La mention « Mon âme est saint-soleil » introduit la clé esthétique du poème. Casséus convoque implicitement le mouvement pictural haïtien Saint-Soleil, fondé dans les années 1970 par Tiga (Jean-Claude Garoute), Levoy Exil et leurs compagnons. Ce courant refusait la perspective occidentale et privilégiait la spontanéité visionnaire, la peinture comme surgissement intérieur plutôt que représentation mimétique. Les figures y obéissaient aux pulsations du monde invisible. Dire « mon âme est saint-soleil » revient à inscrire l’identité dans l’apparition plutôt que dans la biographie. L’âme prend la forme d’une surface traversée par la mémoire collective, les héritages et les présences invisibles du pays.

La nostalgie sert alors d’énergie créatrice. « Quand il pleure mon pays / Mes sens inondent ma science ». La connaissance intellectuelle cède devant la sensation. Le poète adopte la même épistémologie que la peinture Saint-Soleil : la vérité surgit avant l’explication.

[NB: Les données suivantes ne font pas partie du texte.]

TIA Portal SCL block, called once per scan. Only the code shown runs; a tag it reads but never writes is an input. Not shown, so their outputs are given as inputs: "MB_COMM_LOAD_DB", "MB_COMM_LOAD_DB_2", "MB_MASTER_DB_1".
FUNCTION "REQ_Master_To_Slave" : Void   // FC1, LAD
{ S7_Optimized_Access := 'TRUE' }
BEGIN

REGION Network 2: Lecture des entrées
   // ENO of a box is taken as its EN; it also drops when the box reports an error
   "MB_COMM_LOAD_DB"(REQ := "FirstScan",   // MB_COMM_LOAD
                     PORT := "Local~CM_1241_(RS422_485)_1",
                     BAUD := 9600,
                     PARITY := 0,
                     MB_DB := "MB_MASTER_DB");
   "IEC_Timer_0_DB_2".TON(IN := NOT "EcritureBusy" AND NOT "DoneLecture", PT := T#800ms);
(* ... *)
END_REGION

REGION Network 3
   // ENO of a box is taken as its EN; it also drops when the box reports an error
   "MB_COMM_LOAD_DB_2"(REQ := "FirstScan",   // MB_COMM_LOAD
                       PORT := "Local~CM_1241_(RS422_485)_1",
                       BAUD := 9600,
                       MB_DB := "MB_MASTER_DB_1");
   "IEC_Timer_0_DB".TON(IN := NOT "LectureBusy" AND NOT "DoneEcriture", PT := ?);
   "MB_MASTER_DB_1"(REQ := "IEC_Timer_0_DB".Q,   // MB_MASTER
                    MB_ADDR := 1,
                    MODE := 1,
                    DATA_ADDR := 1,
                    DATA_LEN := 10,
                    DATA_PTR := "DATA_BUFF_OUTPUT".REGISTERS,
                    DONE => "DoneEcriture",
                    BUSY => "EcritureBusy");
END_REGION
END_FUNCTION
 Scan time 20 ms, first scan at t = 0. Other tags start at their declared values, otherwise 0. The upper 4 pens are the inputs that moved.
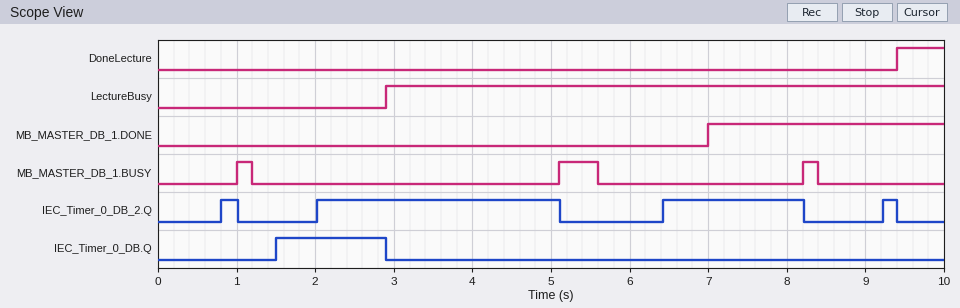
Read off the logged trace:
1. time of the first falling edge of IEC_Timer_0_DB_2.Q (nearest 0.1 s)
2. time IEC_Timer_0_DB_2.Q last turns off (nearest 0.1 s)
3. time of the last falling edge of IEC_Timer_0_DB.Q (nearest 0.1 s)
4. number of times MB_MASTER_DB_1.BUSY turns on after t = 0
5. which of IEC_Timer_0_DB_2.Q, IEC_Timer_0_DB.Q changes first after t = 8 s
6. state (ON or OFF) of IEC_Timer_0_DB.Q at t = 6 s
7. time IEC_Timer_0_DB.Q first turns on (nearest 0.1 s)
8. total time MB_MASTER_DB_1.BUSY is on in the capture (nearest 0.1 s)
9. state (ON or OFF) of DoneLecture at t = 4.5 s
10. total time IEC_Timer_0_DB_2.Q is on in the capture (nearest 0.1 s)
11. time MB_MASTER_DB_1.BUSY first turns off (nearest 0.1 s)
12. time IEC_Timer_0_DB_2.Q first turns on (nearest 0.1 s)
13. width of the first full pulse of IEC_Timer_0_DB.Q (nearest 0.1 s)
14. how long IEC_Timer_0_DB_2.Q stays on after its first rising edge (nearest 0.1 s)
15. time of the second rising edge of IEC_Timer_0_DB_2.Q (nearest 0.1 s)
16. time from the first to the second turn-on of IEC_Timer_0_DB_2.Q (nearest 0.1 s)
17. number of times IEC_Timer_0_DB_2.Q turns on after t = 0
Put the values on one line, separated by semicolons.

1.0 s; 9.4 s; 2.9 s; 3; IEC_Timer_0_DB_2.Q; OFF; 1.5 s; 0.9 s; OFF; 5.3 s; 1.2 s; 0.8 s; 1.4 s; 0.2 s; 2.0 s; 1.2 s; 4
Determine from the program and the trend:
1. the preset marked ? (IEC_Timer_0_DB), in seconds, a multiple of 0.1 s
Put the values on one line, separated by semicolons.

1.5 s
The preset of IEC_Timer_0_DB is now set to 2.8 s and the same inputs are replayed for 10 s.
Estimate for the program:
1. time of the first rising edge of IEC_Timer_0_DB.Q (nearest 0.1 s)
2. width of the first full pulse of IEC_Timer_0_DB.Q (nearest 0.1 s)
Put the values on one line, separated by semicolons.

2.8 s; 0.1 s

Le dernier vers « Peu importe où il neige » opère la fermeture symbolique du texte. La neige, image de l’ailleurs nordique, n’efface pas l’île ; elle accentue sa présence intérieure. L’éloignement climatique confirme l’appartenance. La Saline cesse d’être quartier ou souvenir : principe d’organisation intime.

Le poème s’offre ainsi comme autoportrait indirect : non le récit d’une vie, mais la description d’une structure intérieure façonnée par Haïti. Casséus rejoint la tradition d’une littérature caribéenne où le sujet existe à travers la relation au lieu natal, de Césaire à Glissant, et la reformule par une esthétique plastique. La mémoire correspond ici à une toile Saint-Soleil : saturée, vibrante, indisciplinée, habitée.

Dans La Saline, l’exil n’efface pas la terre ; il la déplace vers l’homme. Le pays passe du dehors au dedans. L’île prend rang d’organe vital. Elle bat. Et parce qu’elle bat, le poème respire.